Sekas Tochter Marina Achenbach, 1939 in Zagreb geboren und später Mitbegründerin der Wochenzeitung „Freitag“, setzt ihrer Mutter mit dem Roman „Ein Krokodil für Zagreb“ nun ein Denkmal. Schon während der Wendezeit in Berlin und im Jugoslawienkrieg hatte Achenbach mit ihren eigenwilligen Reportagen einen ganz eigenen Stil begründet.

Sehnsuchtsland der Familie wird Jugoslawien

Nach dem Zweiten Weltkrieg soll für die Familie alles anders werden in der neuen DDR, die man mit den Freunden, dem späteren Kulturminister Johannes R. Becher oder dem Schriftsteller Alfred Kantorowicz, Sekas späterem Ehemann, aufbauen will. Ado leitet eine avantgardistische Kunsthochschule in Schloss Belvedere in Weimar, während unten in der Stadt das Staatstheater prunkt.
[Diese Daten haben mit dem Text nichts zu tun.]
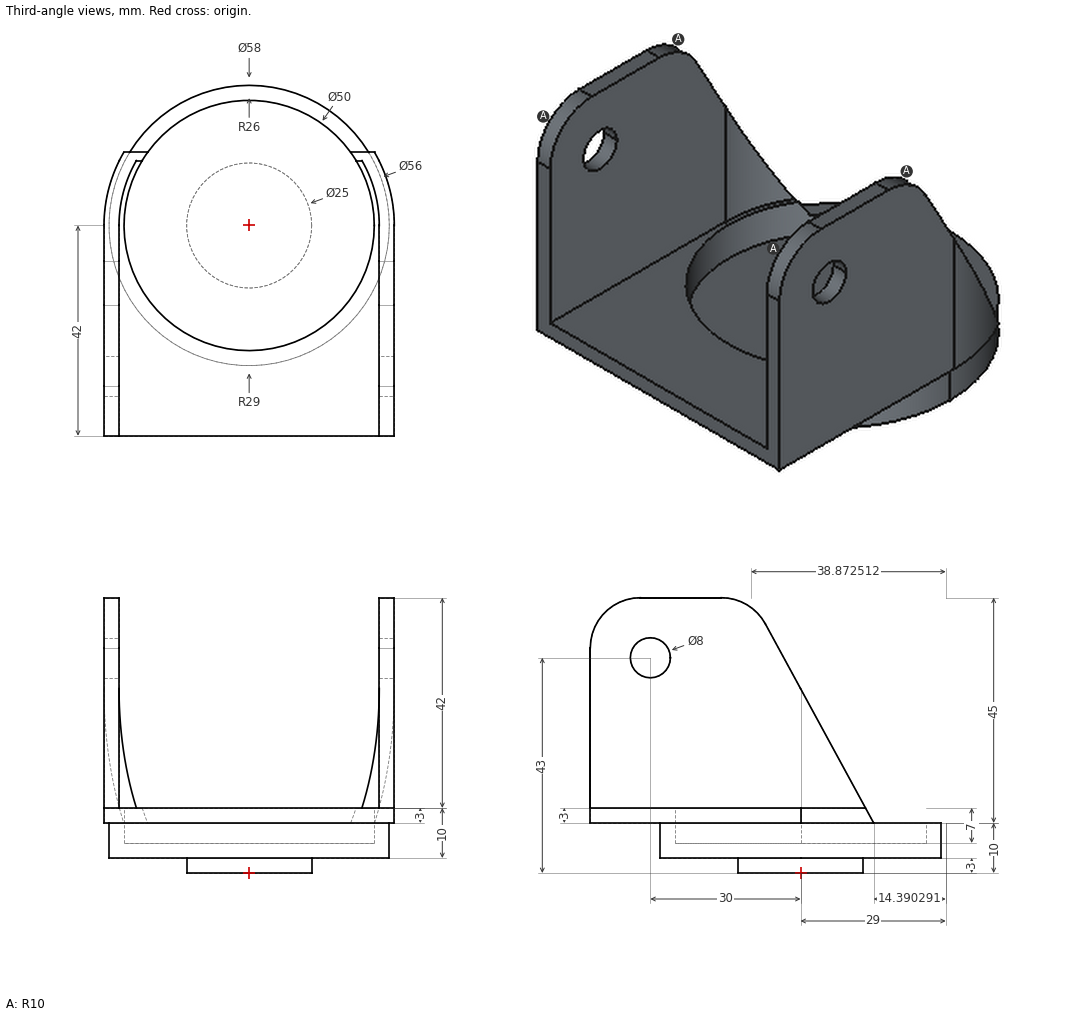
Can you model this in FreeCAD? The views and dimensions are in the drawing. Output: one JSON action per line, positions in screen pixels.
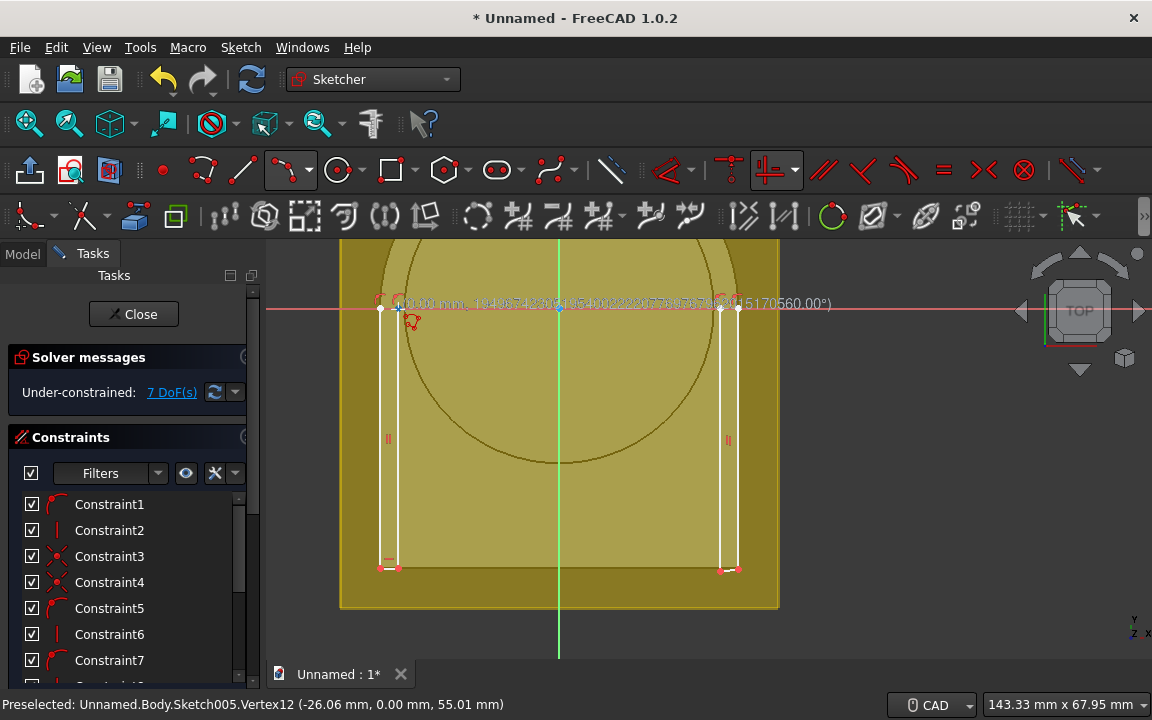
{"action": "left_click", "coordinate": [284, 170]}
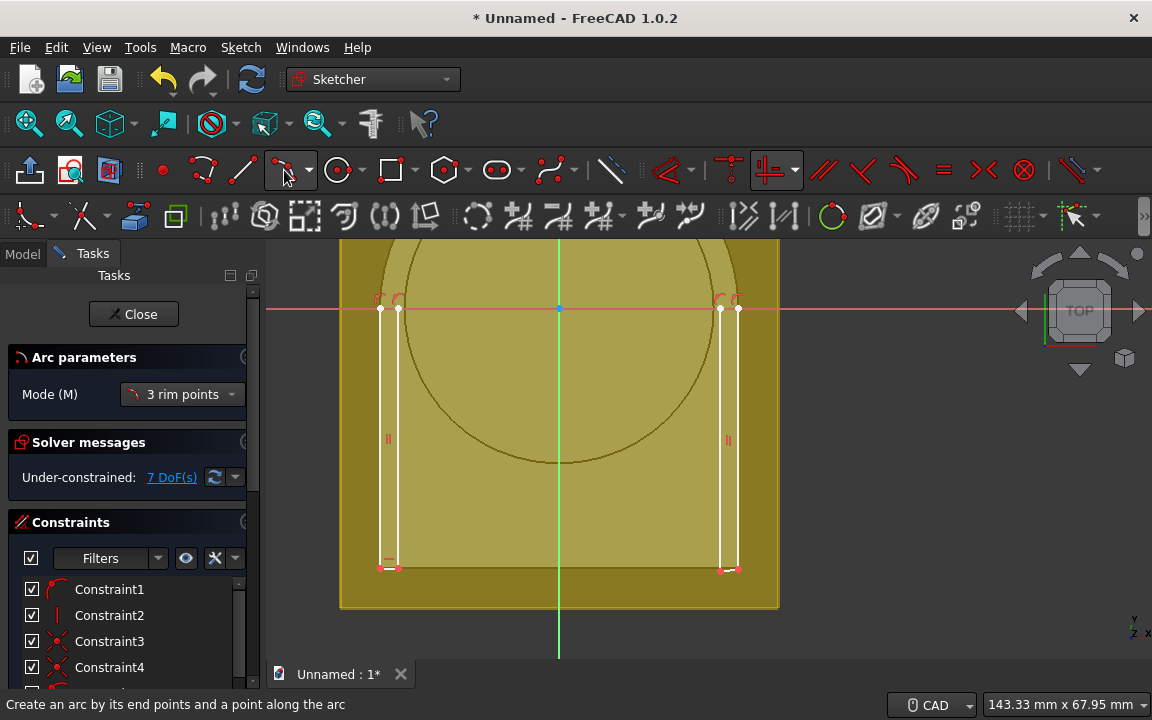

Später geht Seka mit den Kindern zurück nach Berlin, immer noch in festem Glauben an den neuen Staat. Ein weiteres Kind wird geboren, Nikola, wunderlicher Tierliebhaber wie sein Vater. Doch Seka, die „Titoistin“ fällt in Ungnade, Misstrauen und Denunziation sind allgegenwärtig, sodass sie das Land verlässt, nicht als „Zonenflüchtling“ und auch nicht, weil sie glaubt, die BRD sei der bessere Staat. Denn Sehnsuchtsland der Familie bleibt Jugoslawien und die dalmatinische Küste. Rückkehr, das hatte Sekas Vater gesagt, gibt es nicht, nirgendwohin.
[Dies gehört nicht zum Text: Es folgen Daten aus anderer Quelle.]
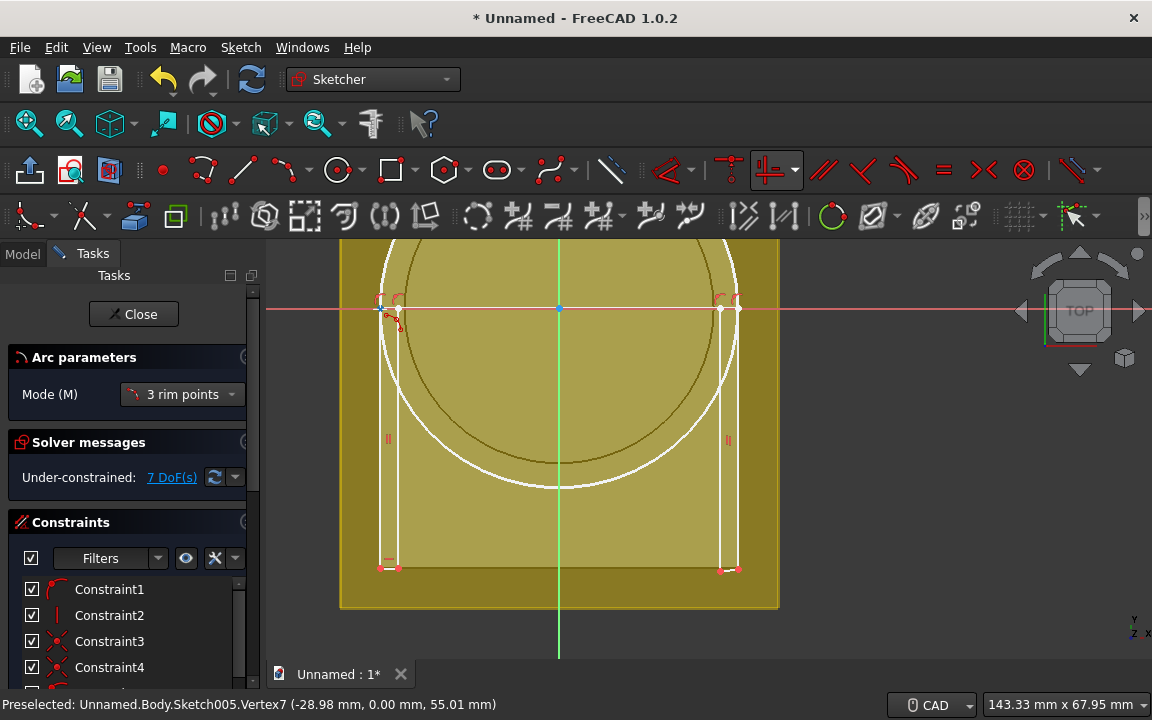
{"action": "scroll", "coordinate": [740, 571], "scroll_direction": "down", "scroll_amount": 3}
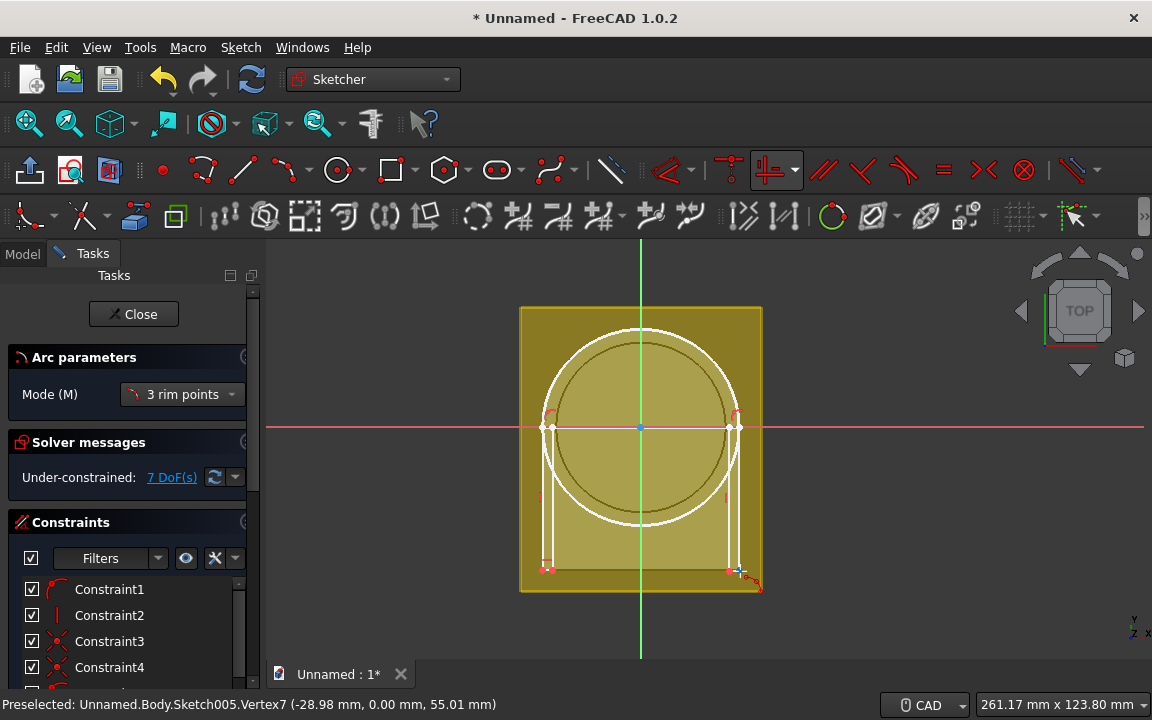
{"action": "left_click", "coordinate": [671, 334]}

Die eigenen Erlebnisse und die Erinnerungen der Mutter werden verwoben

Marina Achenbachs eigenes Erleben und die Erinnerungen der Mutter fließen in dieser aus 120 zusammengesetzten Bildern bestehenden ungewöhnlichen Familiengeschichte zusammen zu einem beeindruckenden Ost und West überspannenden Zeitporträt. „Was Ado und Seka uns doch erspart haben“, werden die Kinder später sagen, wenn sie Altersgenossen von ihren NS-Eltern reden hören.

Marina Achenbach: Ein Krokodil für Zagreb. Roman. Edition Nautilus, Hamburg 2017. 218 Seiten, 19,90 €.